Dennis gasped, then ran towards the smoldering ruins of his hut and grabbed the handle of his still-hot cast-iron pan. He hissed and dropped it, then stripped off his shirt and used it as insulation.
And then, frying pan held high, he crept carefully up behind the Knight.
“You know I would gladly have paid the damages to your farm,” said Elinor, as she walked at Dennis' side. “You saved Xthpregor's life, and maybe my own.” She laughed. “And you saved me the embarrassment of having to explain in a court of law why I was justified in having certain portions of the idiot who thinks himself my rightful husband-to-be sent to the taxidermist.”
“Thank you, Princess.”
She laughed. “Hardly a Princess anymore. You heard Mother. 'An embarrassment to the Throne,' my ass. She should be grateful that I've made such a scandalous distraction, after some of the things I've heard about...well, never mind that. It's all for the best.” She patted the donkey's rump as it labored beside them. “I didn't expect you to win.”

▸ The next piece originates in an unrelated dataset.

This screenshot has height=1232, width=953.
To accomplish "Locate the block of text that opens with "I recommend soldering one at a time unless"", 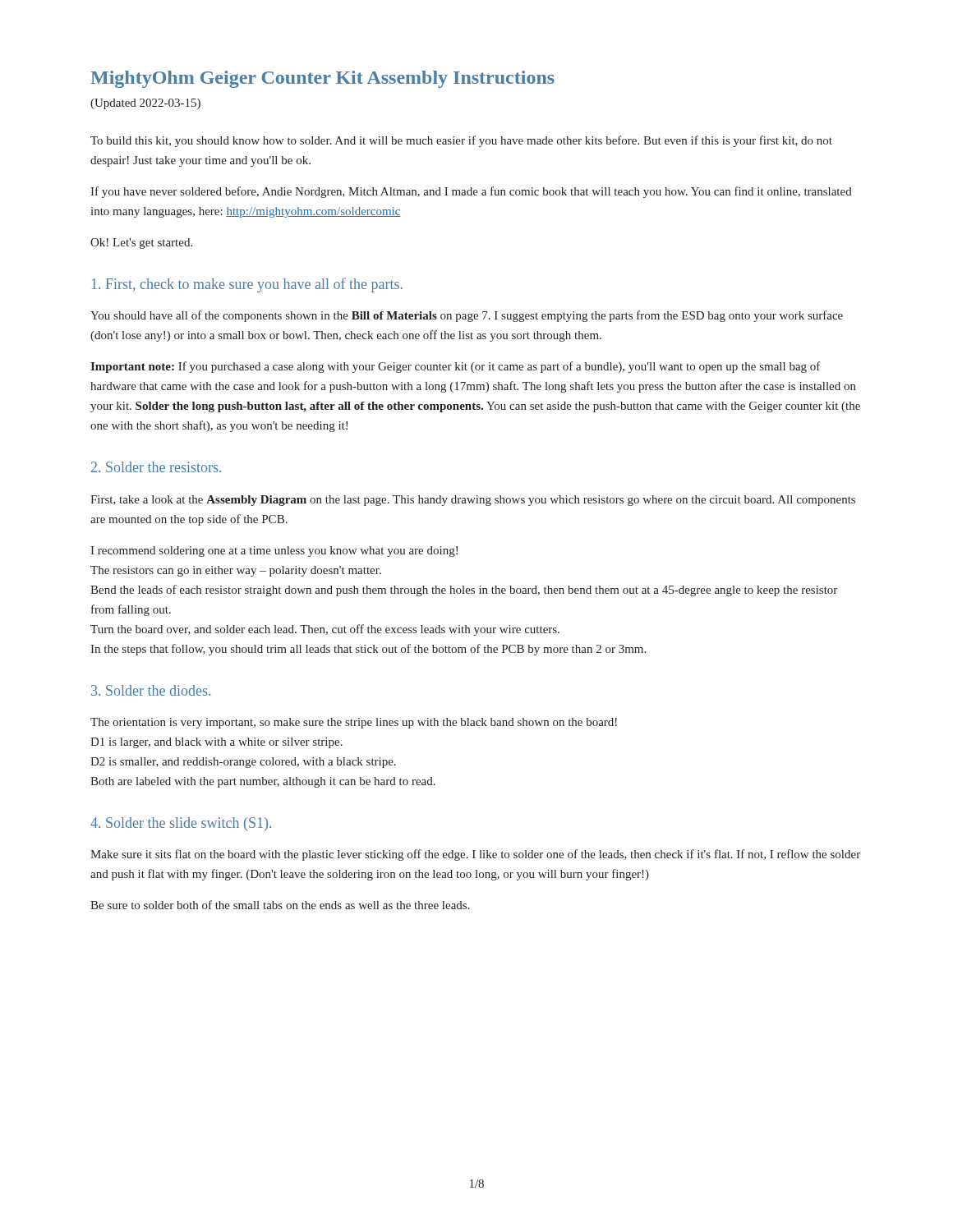I will [464, 599].
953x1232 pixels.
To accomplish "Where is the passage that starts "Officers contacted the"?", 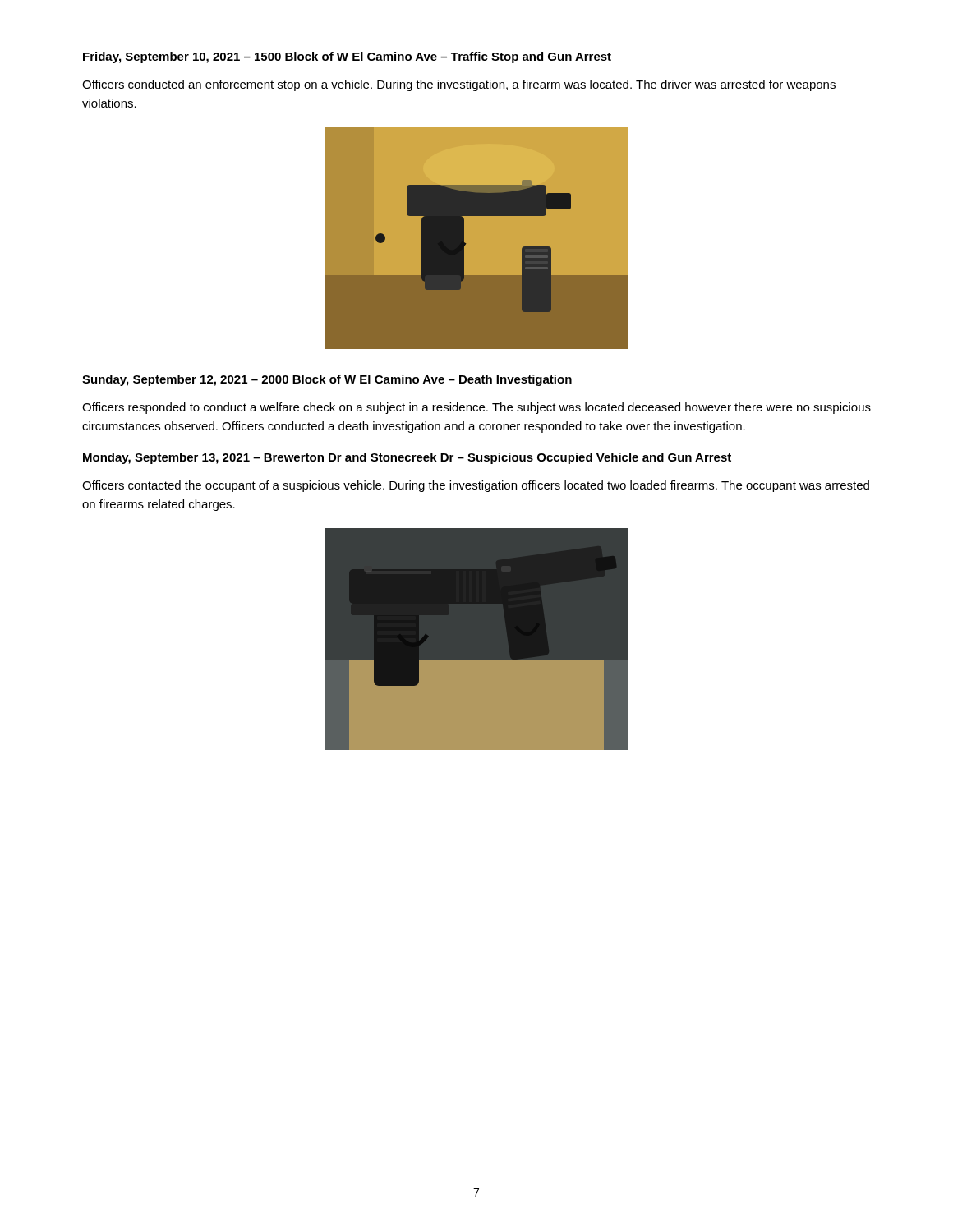I will click(x=476, y=495).
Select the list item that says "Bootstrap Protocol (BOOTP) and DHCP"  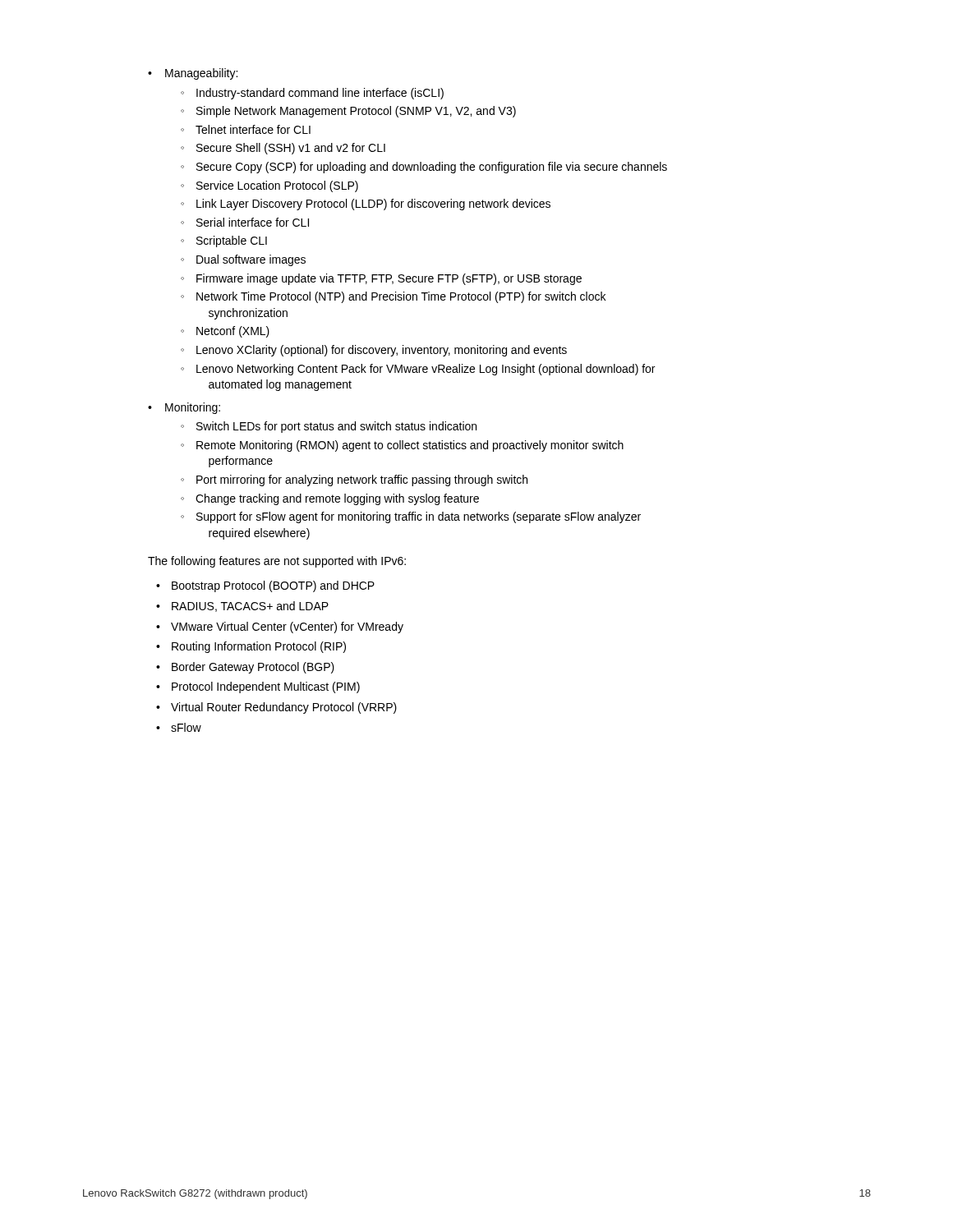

“I didn't either. Honestly, I expected to be executed for assaulting a Knight of the Realm. But I had to try.” Dennis took a deep breath, let it out slowly. “He killed Pogo.”
“I'm really sorry about your dog.” Elinor kissed him on the cheek. “I know you loved him.”
“I did. Who knew Judge Hardcastle was a dog lover, too?”
“Oh, that's just rumors.” She grinned wickedly. “You did well, though. Enough money to rebuild your farm, and John has to pay your tax this year, since he destroyed your crops. And of course the restraining order is important. But I never expected you to get the punitive damages you asked for.”
Dennis looked at the jumble of armor and weapons stacked haphazardly on the donkey's cart. “Maybe without all this junk he'll think twice before picking a fight.”
“Thinking isn't John's strong suit. So what are you going to do with it all?”
“Well, originally I was thinking of maybe selling it. But then I thought, maybe it'd be better to stick it on a pole in the middle of my fields, like a scarecrow.”
“A Scare-Knight! I love it!”
“May I ask you a question, Princess?” Dennis reddened preemptively.
“You can ask me anything.”
“When they were talking about virtue.” He cleared his throat. “I mean, your virtue. And the dragon.”
She smiled. “Oh, yes.”
“Oh.” Then: “What's the attraction?”
Elinor bit her lip and shrugged. “It isn't just their tongues that fork.”
“Ah.” Dennis looked away. “I can see how that might be hard to compete with.”
She laughed and slipped her hand into his. “Don't worry, I still like men, as long as they don't get all possessive and stuff.” She leaned her head on Dennis' shoulder. “I do believe that being a farmer's wife with a dragon lover shall be better in every conceivable way than being a Princess doomed to marry a Noble Nit-wit.” She watched Dennis through the corner of her eye. “If, you know, you want.”
Dennis considered for long seconds. “Yeah. Okay.”